Cedar fence pockets don't last long....


----------



## Pocketfisherman (May 30, 2005)

I used Red-Cedar decking material, two rows high of 2x10" per side and lined the sides inside (Bottom is bare ground) with heavy duty black vinyl. They lasted 16 years until the termites and rot got to them. I probably could have got by with less depth and used 2x8"s. I've also seen truck tires layed down on their sides used....not to pretty but functional.


----------



## kneekap (Nov 13, 2012)

I had better luck with some really large plastic containers. No rot and easy to water/fertilize. Mine are about 4 feet across and 3 feet high.


----------



## DuckMendenhall (Nov 5, 2007)

This has worked great...I recommend Cedar along with Muddskipper
I made some small planters out of old pallets, saw it on Pintrest.


----------



## Bustin Chops (Feb 3, 2008)

What I have read is that treated wood is no longer a bad thing because it is not treated with the chemicals they used to use. I forgot what it was, but it is safe to use treated wood now.


----------



## BertS (May 21, 2004)

DuckMendenhall said:


> This has worked great...I recommend Cedar along with Muddskipper
> I made some small planters out of old pallets, saw it on Pintrest.


ummm.........?

aren't those treat 4x4's?

I believe the old wolmanized treated lumber used arsenic, in the process of pressure treating. I know they lasted a heck of allot longer than the new improved yellawood.

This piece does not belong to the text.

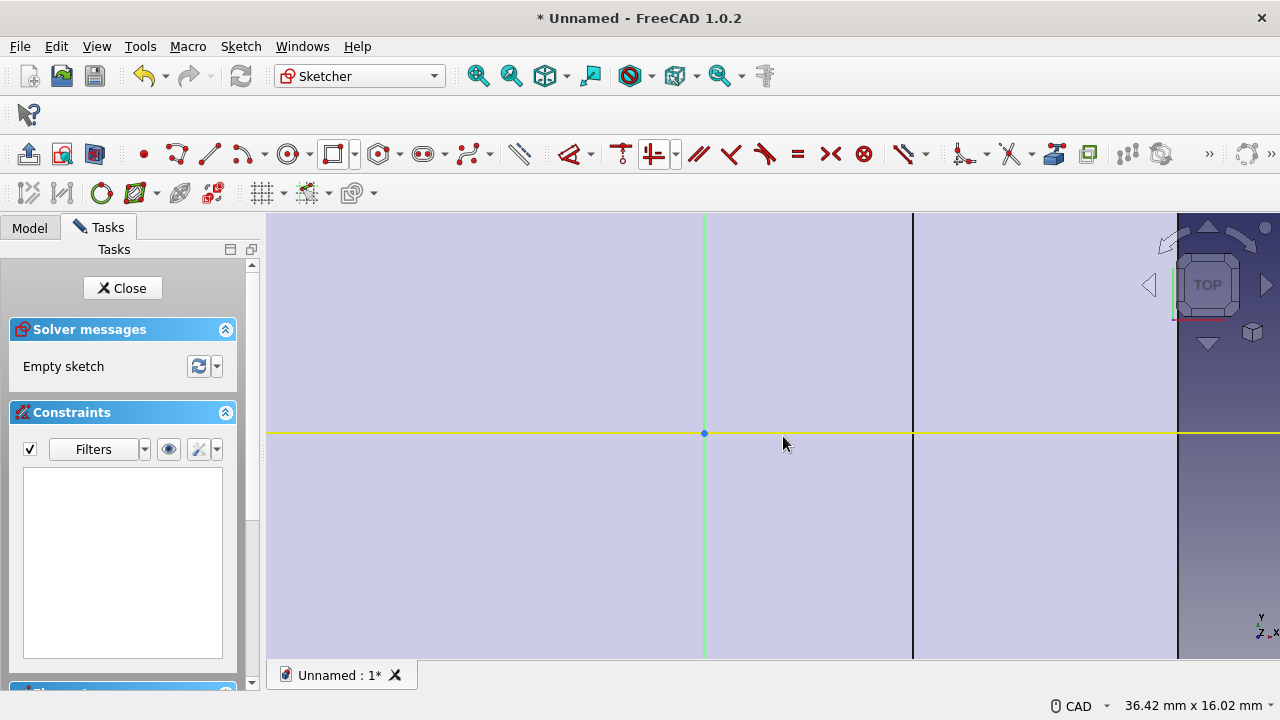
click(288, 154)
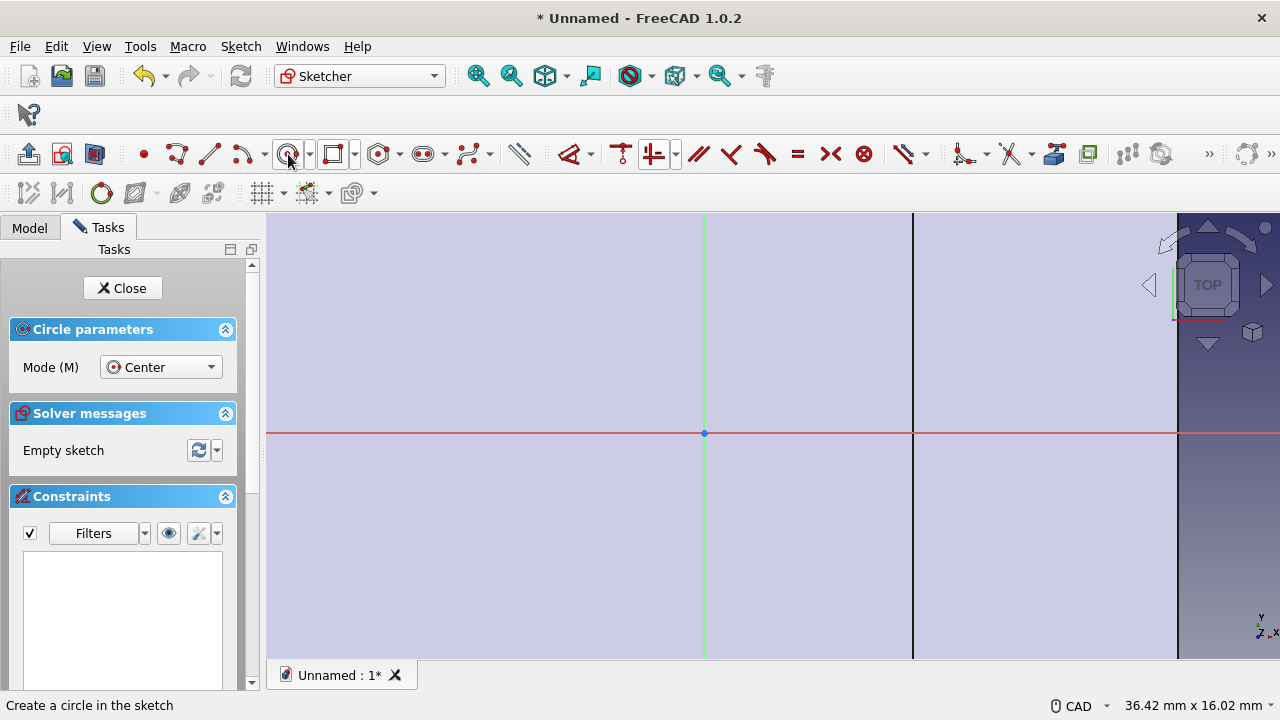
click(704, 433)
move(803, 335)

since sometimes any 2x cedar material is difficult to find at some lumber yards,in any lengths other that 8' or 10', you can get away with 1x6's or 1x8's, provided you used cedar stakes, on the inside, and screw the frame boards to them.


----------



## DuckMendenhall (Nov 5, 2007)

BertS said:


> ummm.........?
> 
> aren't those treat 4x4's?
> 
> ...


 Yes they are...the chemicals used for treating lumber have changed to be safer...now I would not go lick one of them for sure. Treated 5/4 Deck boards for the base boards, lined with a weed mat. Is was tough finding Cedar that was somewhat straight and greater than 12'. I found the major retailers had the most beneficial prices, and I could work with 12'ers, just had to adjust. I think it was around $150-$200 for raw material, and another $200 for the soil. I would have to go back and look...


----------



## Muddskipper (Dec 29, 2004)

Any of the wood will break down....at least the cedar won't have any chemicals...

The cedar also offeres some bug deterrence as well.....so I don't see many ants ...some but not many


----------



## goatchze (Aug 1, 2006)

Juan, here's what we did.

The coffin boxes are 2x6 cedar, stacked two high. We used 1x6 cedar for the top.

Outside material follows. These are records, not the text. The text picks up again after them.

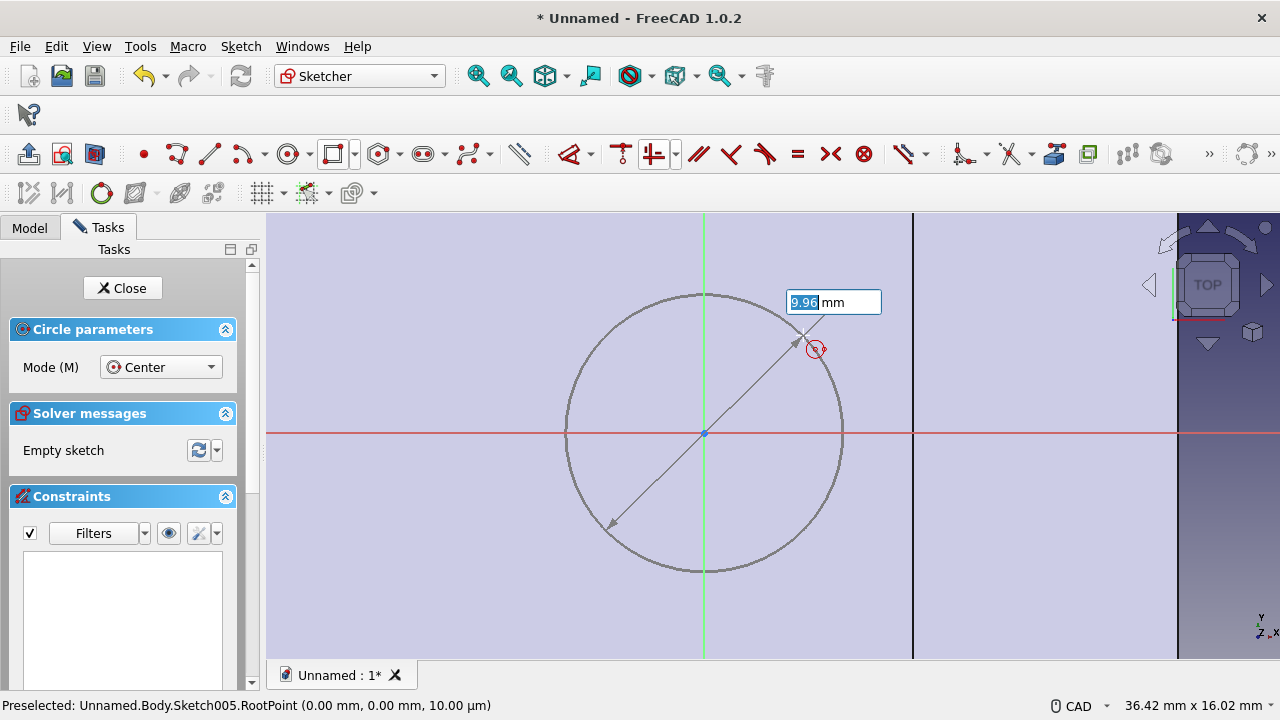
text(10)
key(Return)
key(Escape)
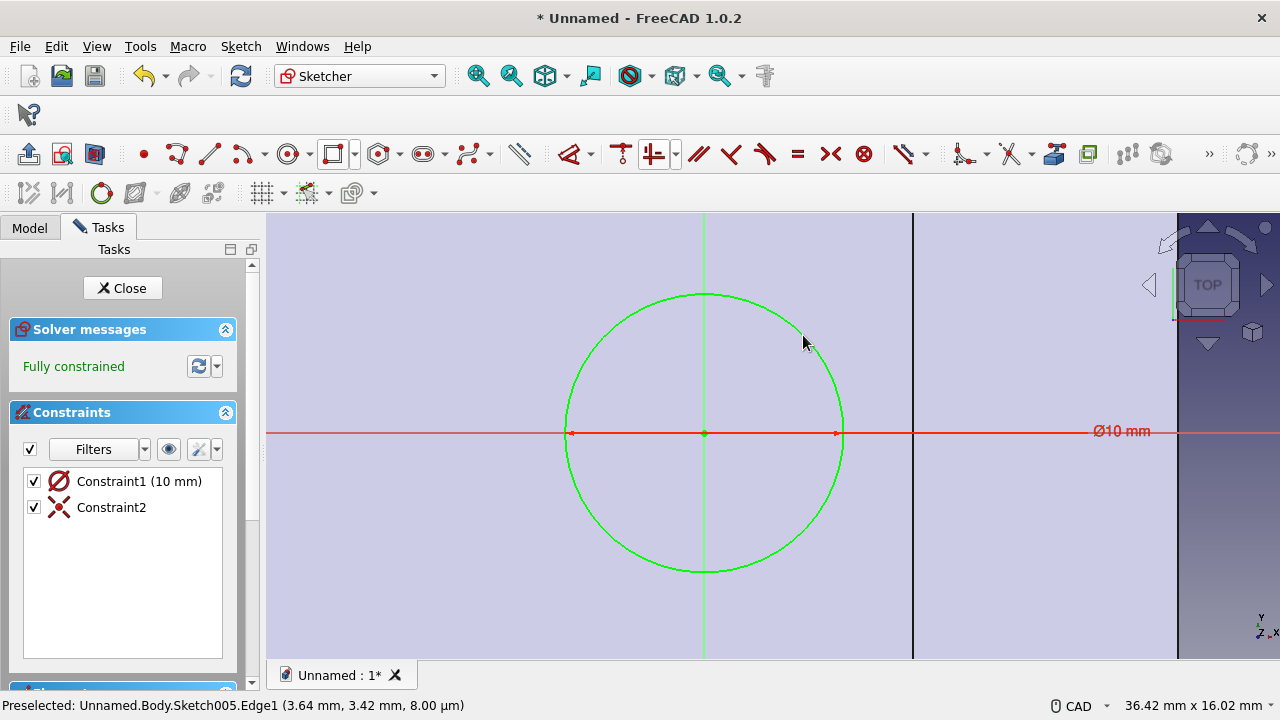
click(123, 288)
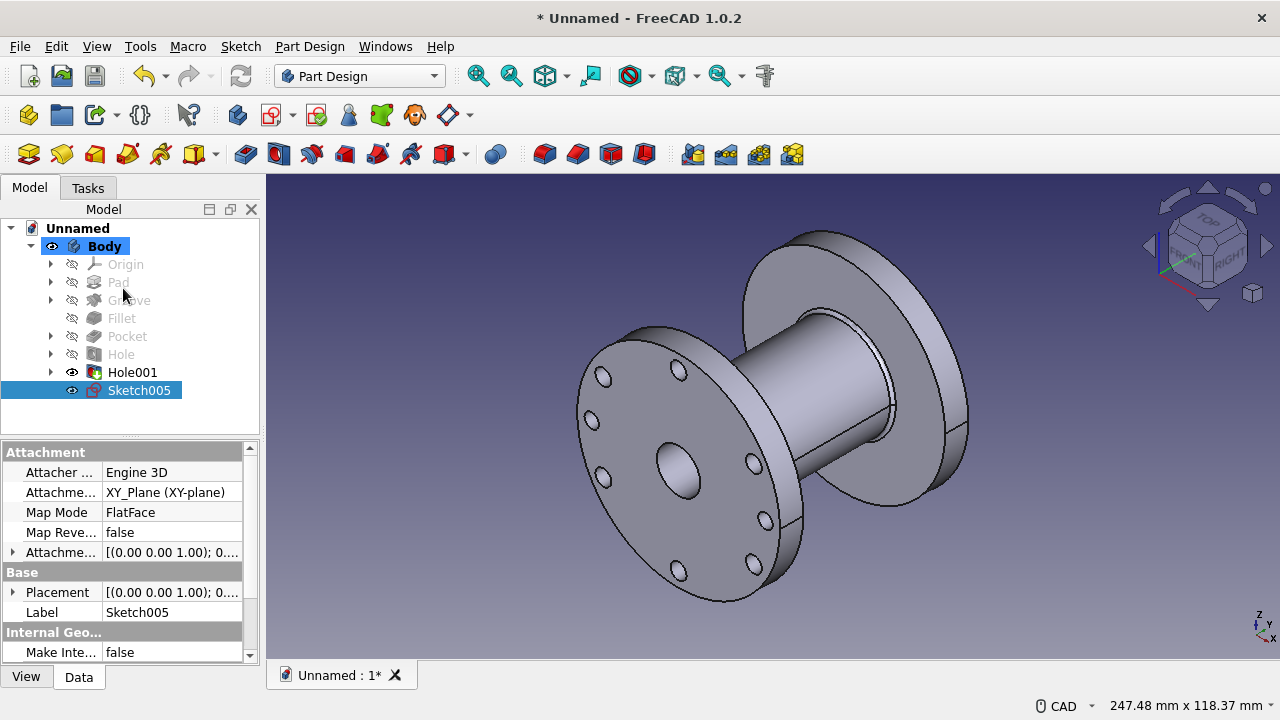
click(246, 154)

Boxes are 6' long and 4' wide. The 2' scrap pieces for the long side are the "legs", so to speak, on the inside corners of the box, giving the corners more strength. The corners are simple butt joints.

Two boxes required 12 8' 2x6s and 5 8' 1x6s, as well as a handful of decking screws. I used pocket screws to tie the 2x6s together vertically, but that was probably overkill. There was no scrap left with the above material bill. 

What you see in the picture are the first two I built and the first place we put them. They've subsequently been moved, and I've built 4 more. We're at the end of our second season using them, and they're still holding up extremely well, even after being dug up and moved about 200 yards (the bottom board sits on gravel, but is buried about 2" into the soil).

The part that is not lasting as long, understandably, is the lip of the 1x6 that overhangs the edges. Next time around (and the two ladies in the picture are already asking for more boxes), I'll probably buy a 2x4, rip it, then put it under the lip for added strength.

You're looking at about $100/box to built out of cedar. ACQ treated pine would run you about half that and would likely last longer. Using ACQ should be fine, but stay away from CCA if you can even come across it anymore. (CCA contains arsenic, ACQ does not)


----------



## Johnny9 (Sep 7, 2005)

Thanks to all of you, Will be a project next year after new house is finished.


----------



## captnickm (Feb 16, 2011)

I went with cedar as well. I am about to put in another one along our other fence line. 
Kinda hard to see, but thats it back in the corner.


----------



## peckerwood (Jun 9, 2012)

Beautiful yard capt.


----------